Dataset records

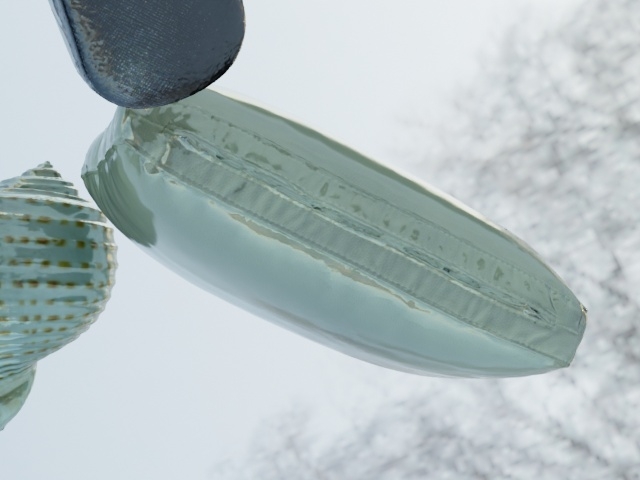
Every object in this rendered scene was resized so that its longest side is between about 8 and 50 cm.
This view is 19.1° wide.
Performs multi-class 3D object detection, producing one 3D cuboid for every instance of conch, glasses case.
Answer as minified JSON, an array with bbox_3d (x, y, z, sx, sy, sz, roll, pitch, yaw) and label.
[{"bbox_3d":[-0.240,0.033,1.369,0.200,0.172,0.131,-65,-34,-27],"label":"conch"},{"bbox_3d":[-0.117,-0.199,1.021,0.103,0.067,0.267,-22,-66,-14],"label":"glasses case"}]

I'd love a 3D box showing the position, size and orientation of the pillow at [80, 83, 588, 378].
[{"bbox_3d":[0.000,0.000,1.247,0.322,0.255,0.120,25,-100,-8],"label":"pillow"}]
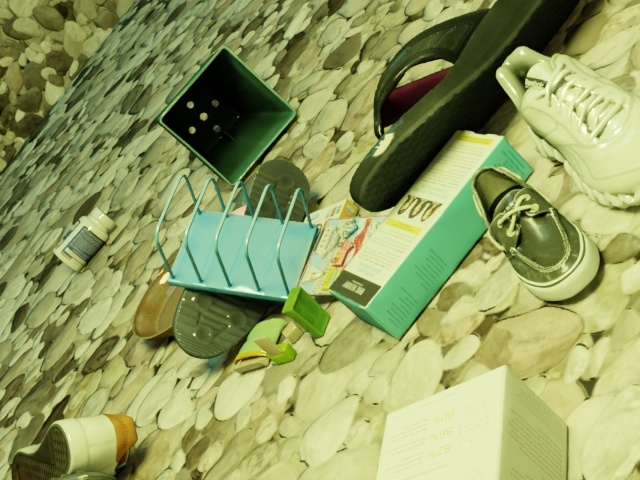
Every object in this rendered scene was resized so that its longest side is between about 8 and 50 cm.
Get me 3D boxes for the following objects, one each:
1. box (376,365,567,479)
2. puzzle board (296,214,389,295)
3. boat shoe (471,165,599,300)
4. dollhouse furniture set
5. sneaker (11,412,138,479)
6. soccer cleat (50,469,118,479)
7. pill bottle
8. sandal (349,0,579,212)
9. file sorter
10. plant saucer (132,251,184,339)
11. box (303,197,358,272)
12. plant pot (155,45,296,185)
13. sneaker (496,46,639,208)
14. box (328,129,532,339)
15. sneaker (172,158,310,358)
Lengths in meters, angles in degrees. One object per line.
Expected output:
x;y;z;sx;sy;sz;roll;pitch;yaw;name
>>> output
0.117;0.207;0.881;0.130;0.091;0.170;-29;30;34;box
0.027;0.017;1.368;0.096;0.011;0.128;-3;46;31;puzzle board
0.201;-0.012;1.098;0.078;0.070;0.219;-44;25;7;boat shoe
-0.063;0.108;1.356;0.152;0.058;0.076;-22;35;43;dollhouse furniture set
-0.325;0.304;1.477;0.290;0.123;0.105;-38;67;51;sneaker
-0.361;0.402;1.369;0.318;0.109;0.116;-38;45;16;soccer cleat
-0.454;-0.004;2.138;0.120;0.067;0.067;-49;25;-4;pill bottle
0.166;-0.208;1.330;0.107;0.167;0.446;35;71;20;sandal
-0.106;-0.009;1.386;0.170;0.104;0.118;7;55;16;file sorter
-0.200;0.076;1.652;0.199;0.036;0.198;-36;26;21;plant saucer
0.000;0.000;1.454;0.081;0.028;0.136;-22;37;43;box
-0.181;-0.216;1.912;0.165;0.165;0.234;-50;17;-5;plant pot
0.265;-0.121;1.107;0.110;0.118;0.292;-45;26;1;sneaker
0.122;-0.011;1.234;0.244;0.060;0.100;-51;24;-8;box
-0.114;0.040;1.517;0.319;0.112;0.131;-61;10;-31;sneaker
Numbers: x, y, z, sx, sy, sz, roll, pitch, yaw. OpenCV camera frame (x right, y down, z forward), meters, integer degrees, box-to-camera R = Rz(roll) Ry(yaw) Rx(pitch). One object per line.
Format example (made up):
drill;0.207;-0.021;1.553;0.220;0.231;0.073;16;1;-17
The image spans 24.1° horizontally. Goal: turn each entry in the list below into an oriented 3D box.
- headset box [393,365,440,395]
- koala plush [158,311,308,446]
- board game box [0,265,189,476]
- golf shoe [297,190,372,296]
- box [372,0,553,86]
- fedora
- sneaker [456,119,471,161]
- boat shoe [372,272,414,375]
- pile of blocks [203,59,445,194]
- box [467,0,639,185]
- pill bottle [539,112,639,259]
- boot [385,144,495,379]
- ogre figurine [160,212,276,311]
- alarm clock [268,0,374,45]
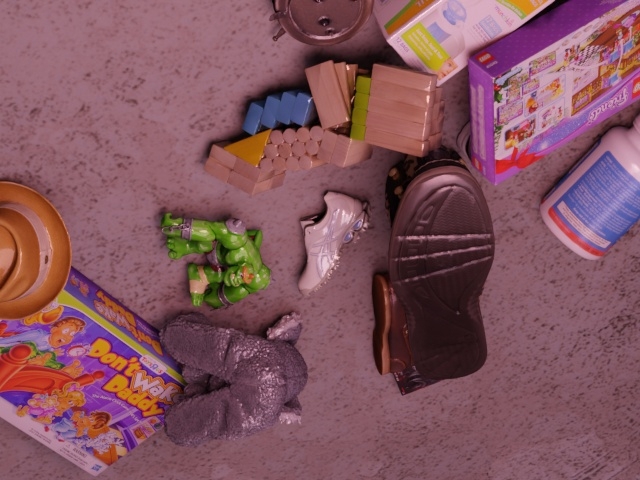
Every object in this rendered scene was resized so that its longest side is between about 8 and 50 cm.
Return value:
headset box;0.158;0.206;2.407;0.083;0.032;0.062;-20;131;3
koala plush;-0.094;0.202;2.216;0.203;0.196;0.221;-1;-179;32
board game box;-0.370;0.184;2.211;0.233;0.078;0.347;-37;128;15
golf shoe;0.000;0.000;2.188;0.086;0.069;0.176;29;115;-10
box;0.182;-0.311;1.944;0.203;0.103;0.114;-36;129;14
fedora;-0.430;0.020;2.011;0.194;0.079;0.194;2;103;9
sneaker;0.266;-0.170;2.101;0.072;0.077;0.178;14;123;-27
boat shoe;0.119;0.123;2.306;0.073;0.073;0.207;-12;138;-8
pile of blocks;0.014;-0.161;2.004;0.362;0.113;0.149;-12;95;29
box;0.328;-0.222;2.007;0.293;0.057;0.201;-30;142;-19
pill bottle;0.434;-0.087;2.185;0.124;0.124;0.221;26;118;-31
boot;0.155;-0.027;2.038;0.138;0.284;0.377;-9;135;4
ogre figurine;-0.142;0.025;2.141;0.118;0.097;0.197;-11;117;16
alarm clock;0.023;-0.316;1.915;0.192;0.064;0.129;-15;128;0
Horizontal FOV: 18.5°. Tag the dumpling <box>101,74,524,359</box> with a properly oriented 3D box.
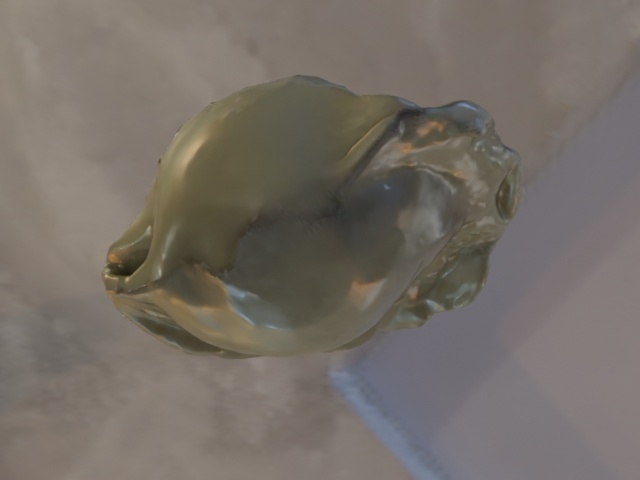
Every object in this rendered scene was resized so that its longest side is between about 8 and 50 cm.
[{"bbox_3d":[0.000,0.000,1.085,0.258,0.193,0.147,-25,-129,24],"label":"dumpling"}]
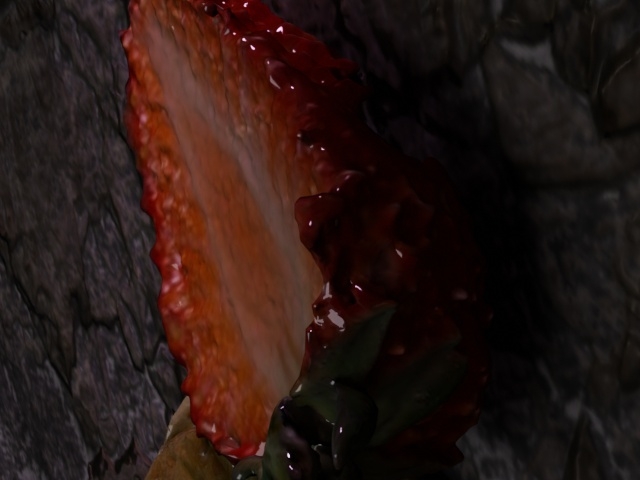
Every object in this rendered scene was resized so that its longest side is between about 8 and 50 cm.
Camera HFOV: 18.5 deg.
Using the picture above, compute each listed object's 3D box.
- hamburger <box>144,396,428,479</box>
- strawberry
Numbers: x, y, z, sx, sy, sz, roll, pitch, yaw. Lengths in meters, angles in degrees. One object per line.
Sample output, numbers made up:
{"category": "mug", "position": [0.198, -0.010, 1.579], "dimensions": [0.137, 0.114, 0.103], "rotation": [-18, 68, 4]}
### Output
{"category": "hamburger", "position": [-0.013, 0.162, 0.920], "dimensions": [0.183, 0.130, 0.206], "rotation": [42, 121, 44]}
{"category": "strawberry", "position": [0.000, 0.000, 0.807], "dimensions": [0.188, 0.106, 0.286], "rotation": [115, 144, -47]}
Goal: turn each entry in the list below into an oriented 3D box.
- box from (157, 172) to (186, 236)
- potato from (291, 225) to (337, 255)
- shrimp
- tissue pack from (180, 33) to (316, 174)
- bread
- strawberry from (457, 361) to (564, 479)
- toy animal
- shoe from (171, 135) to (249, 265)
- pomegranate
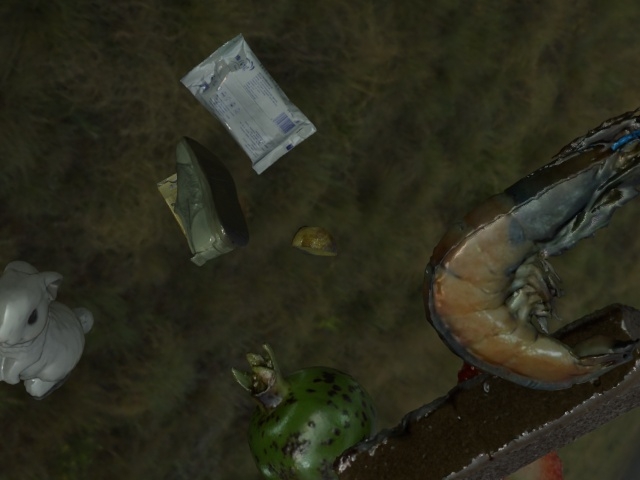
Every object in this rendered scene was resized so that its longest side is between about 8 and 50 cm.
[{"bbox_3d":[-0.259,-0.064,1.880,0.073,0.149,0.020,-30,-177,-15],"label":"box"},{"bbox_3d":[0.000,0.000,2.212,0.096,0.103,0.066,21,77,-55],"label":"potato"},{"bbox_3d":[0.242,0.022,0.870,0.290,0.222,0.054,-43,-166,9],"label":"shrimp"},{"bbox_3d":[-0.112,-0.211,1.467,0.122,0.193,0.026,-35,-169,18],"label":"tissue pack"},{"bbox_3d":[0.223,0.213,1.139,0.416,0.113,0.165,-34,154,23],"label":"bread"},{"bbox_3d":[0.269,0.294,1.467,0.233,0.137,0.306,32,45,-37],"label":"strawberry"},{"bbox_3d":[-0.575,0.165,1.884,0.258,0.194,0.357,-55,171,-30],"label":"toy animal"},{"bbox_3d":[-0.210,-0.074,1.662,0.098,0.275,0.103,-35,137,16],"label":"shoe"},{"bbox_3d":[-0.030,0.274,1.439,0.211,0.263,0.211,-40,-161,17],"label":"pomegranate"}]
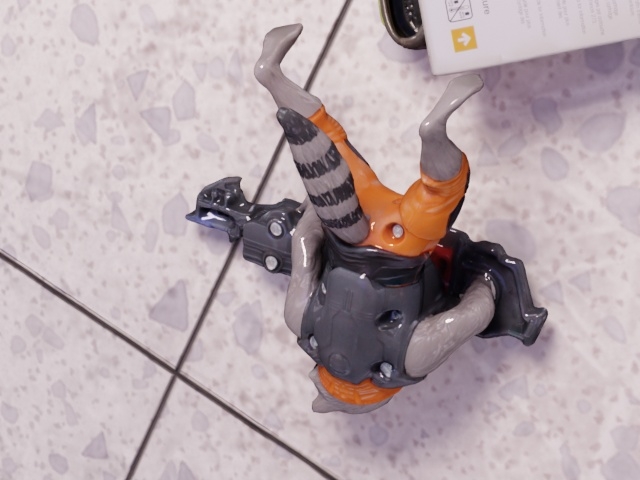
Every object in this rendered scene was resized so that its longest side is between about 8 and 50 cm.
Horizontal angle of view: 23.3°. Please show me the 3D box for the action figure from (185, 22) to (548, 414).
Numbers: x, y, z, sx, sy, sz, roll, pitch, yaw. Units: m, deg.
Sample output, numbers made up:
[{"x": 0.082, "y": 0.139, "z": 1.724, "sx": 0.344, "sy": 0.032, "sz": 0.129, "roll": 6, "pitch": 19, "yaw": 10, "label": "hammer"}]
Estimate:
[{"x": 0.000, "y": 0.000, "z": 1.256, "sx": 0.341, "sy": 0.178, "sz": 0.330, "roll": 12, "pitch": 125, "yaw": 27, "label": "action figure"}]

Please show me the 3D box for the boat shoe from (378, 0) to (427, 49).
[{"x": 0.087, "y": -0.265, "z": 1.234, "sx": 0.081, "sy": 0.068, "sz": 0.228, "roll": 6, "pitch": 103, "yaw": 24, "label": "boat shoe"}]

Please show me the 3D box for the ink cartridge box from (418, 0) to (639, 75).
[{"x": 0.248, "y": -0.241, "z": 1.143, "sx": 0.370, "sy": 0.069, "sz": 0.176, "roll": -10, "pitch": 97, "yaw": 13, "label": "ink cartridge box"}]
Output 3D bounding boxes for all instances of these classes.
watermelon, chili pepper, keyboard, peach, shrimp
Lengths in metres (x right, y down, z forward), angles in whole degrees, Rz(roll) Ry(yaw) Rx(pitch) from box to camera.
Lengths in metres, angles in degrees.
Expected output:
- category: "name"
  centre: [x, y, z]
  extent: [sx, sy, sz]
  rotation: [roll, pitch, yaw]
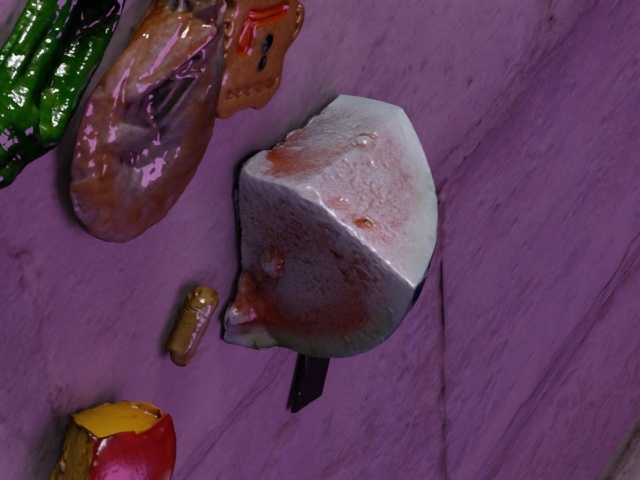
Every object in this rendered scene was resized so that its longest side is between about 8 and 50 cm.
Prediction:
- category: "watermelon"
  centre: [0.000, 0.000, 1.796]
  extent: [0.213, 0.289, 0.320]
  rotation: [31, 97, -36]
- category: "chili pepper"
  centre: [-0.227, -0.128, 1.364]
  extent: [0.257, 0.074, 0.100]
  rotation: [-62, 158, -21]
- category: "keyboard"
  centre: [-0.001, 0.115, 2.102]
  extent: [0.074, 0.015, 0.197]
  rotation: [-32, 139, -57]
- category: "peach"
  centre: [-0.203, 0.226, 1.688]
  extent: [0.118, 0.151, 0.151]
  rotation: [16, 101, -21]
- category: "shrimp"
  centre: [-0.147, -0.136, 1.511]
  extent: [0.168, 0.077, 0.317]
  rotation: [-28, 138, -50]

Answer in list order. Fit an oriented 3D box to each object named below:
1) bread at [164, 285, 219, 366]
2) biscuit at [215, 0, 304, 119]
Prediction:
- category: "bread"
  centre: [-0.133, 0.087, 1.784]
  extent: [0.088, 0.033, 0.049]
  rotation: [-65, 170, 7]
- category: "biscuit"
  centre: [-0.057, -0.226, 1.656]
  extent: [0.166, 0.036, 0.226]
  rotation: [-20, 129, -56]
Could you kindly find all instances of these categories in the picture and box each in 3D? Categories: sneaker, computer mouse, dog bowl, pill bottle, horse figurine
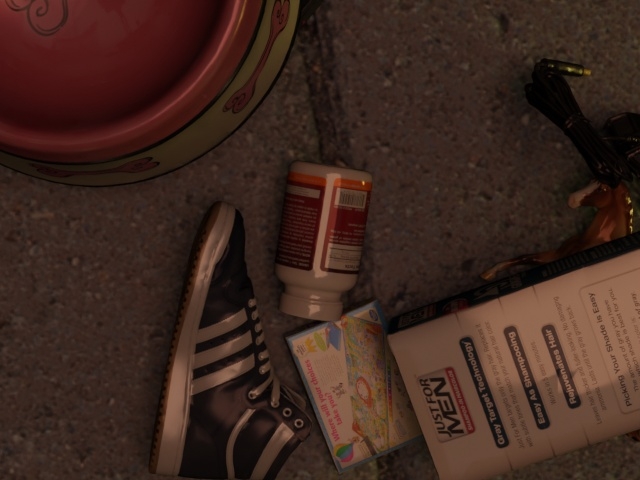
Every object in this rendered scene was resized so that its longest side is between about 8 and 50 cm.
[{"bbox_3d":[-0.071,0.108,1.553,0.153,0.099,0.282,11,100,-5],"label":"sneaker"},{"bbox_3d":[0.314,-0.107,1.602,0.262,0.184,0.060,-1,136,-42],"label":"computer mouse"},{"bbox_3d":[-0.222,-0.249,1.430,0.408,0.150,0.408,0,94,4],"label":"dog bowl"},{"bbox_3d":[0.000,0.000,1.563,0.086,0.086,0.152,9,94,-10],"label":"pill bottle"},{"bbox_3d":[0.291,0.074,1.630,0.174,0.066,0.263,-32,97,1],"label":"horse figurine"}]

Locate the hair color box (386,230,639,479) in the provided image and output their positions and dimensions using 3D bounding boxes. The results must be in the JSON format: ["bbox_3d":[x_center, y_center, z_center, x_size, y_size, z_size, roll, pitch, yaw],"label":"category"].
[{"bbox_3d":[0.256,0.106,1.551,0.347,0.105,0.174,-19,96,7],"label":"hair color box"}]

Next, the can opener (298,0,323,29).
[{"bbox_3d":[-0.035,-0.228,1.552,0.186,0.073,0.059,-44,92,-13],"label":"can opener"}]

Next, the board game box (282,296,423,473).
[{"bbox_3d":[0.037,0.149,1.613,0.103,0.026,0.154,-22,98,-7],"label":"board game box"}]
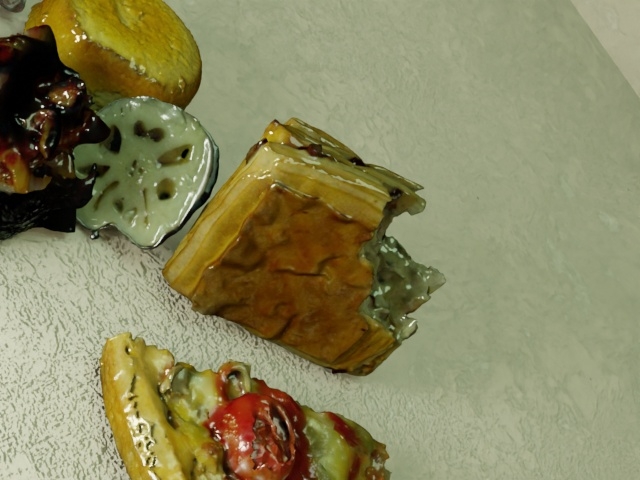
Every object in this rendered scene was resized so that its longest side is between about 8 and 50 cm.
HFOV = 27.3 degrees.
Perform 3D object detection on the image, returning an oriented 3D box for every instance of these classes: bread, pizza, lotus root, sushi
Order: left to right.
[{"bbox_3d":[-0.366,-0.135,1.534,0.227,0.212,0.215,-8,65,-49],"label":"sushi"},{"bbox_3d":[-0.282,-0.250,1.796,0.268,0.146,0.268,32,35,-26],"label":"bread"},{"bbox_3d":[-0.236,-0.087,1.710,0.183,0.203,0.078,50,-7,-3],"label":"lotus root"},{"bbox_3d":[-0.047,0.272,1.597,0.406,0.130,0.440,-13,69,-50],"label":"pizza"},{"bbox_3d":[0.000,0.000,1.756,0.370,0.314,0.191,23,34,-27],"label":"bread"}]

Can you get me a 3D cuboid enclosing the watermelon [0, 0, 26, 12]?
[{"bbox_3d":[-0.453,-0.365,1.781,0.139,0.071,0.187,59,27,0],"label":"watermelon"}]
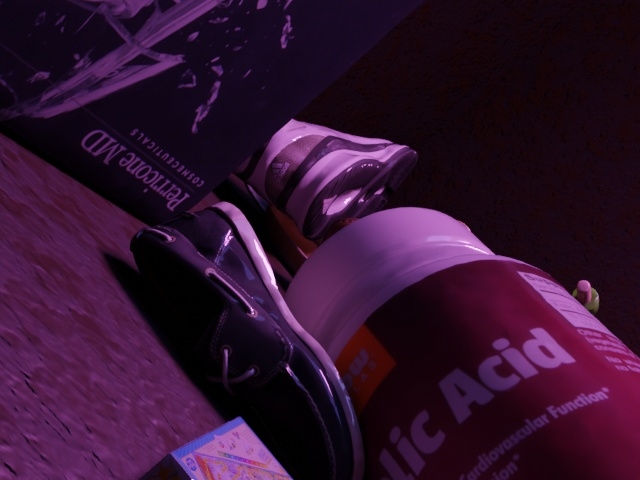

* [What to do] Would you reproduce, exactly and with nothing added, every line from the beginning of the entries above through the line that contains "14. box (328,129,532,339)", both included, leaving out the pictures?

* [Exercise answer]
Every object in this rendered scene was resized so that its longest side is between about 8 and 50 cm.
This view is 19.1° wide.
Performs multi-class 3D object detection, producing one 3D cuboid for every instance of conch, glasses case.
Answer as minified JSON, an array with bbox_3d (x, y, z, sx, sy, sz, roll, pitch, yaw) and label.
[{"bbox_3d":[-0.240,0.033,1.369,0.200,0.172,0.131,-65,-34,-27],"label":"conch"},{"bbox_3d":[-0.117,-0.199,1.021,0.103,0.067,0.267,-22,-66,-14],"label":"glasses case"}]

I'd love a 3D box showing the position, size and orientation of the pillow at [80, 83, 588, 378].
[{"bbox_3d":[0.000,0.000,1.247,0.322,0.255,0.120,25,-100,-8],"label":"pillow"}]
Every object in this rendered scene was resized so that its longest side is between about 8 and 50 cm.
Get me 3D boxes for the following objects, one each:
1. box (376,365,567,479)
2. puzzle board (296,214,389,295)
3. boat shoe (471,165,599,300)
4. dollhouse furniture set
5. sneaker (11,412,138,479)
6. soccer cleat (50,469,118,479)
7. pill bottle
8. sandal (349,0,579,212)
9. file sorter
10. plant saucer (132,251,184,339)
11. box (303,197,358,272)
12. plant pot (155,45,296,185)
13. sneaker (496,46,639,208)
14. box (328,129,532,339)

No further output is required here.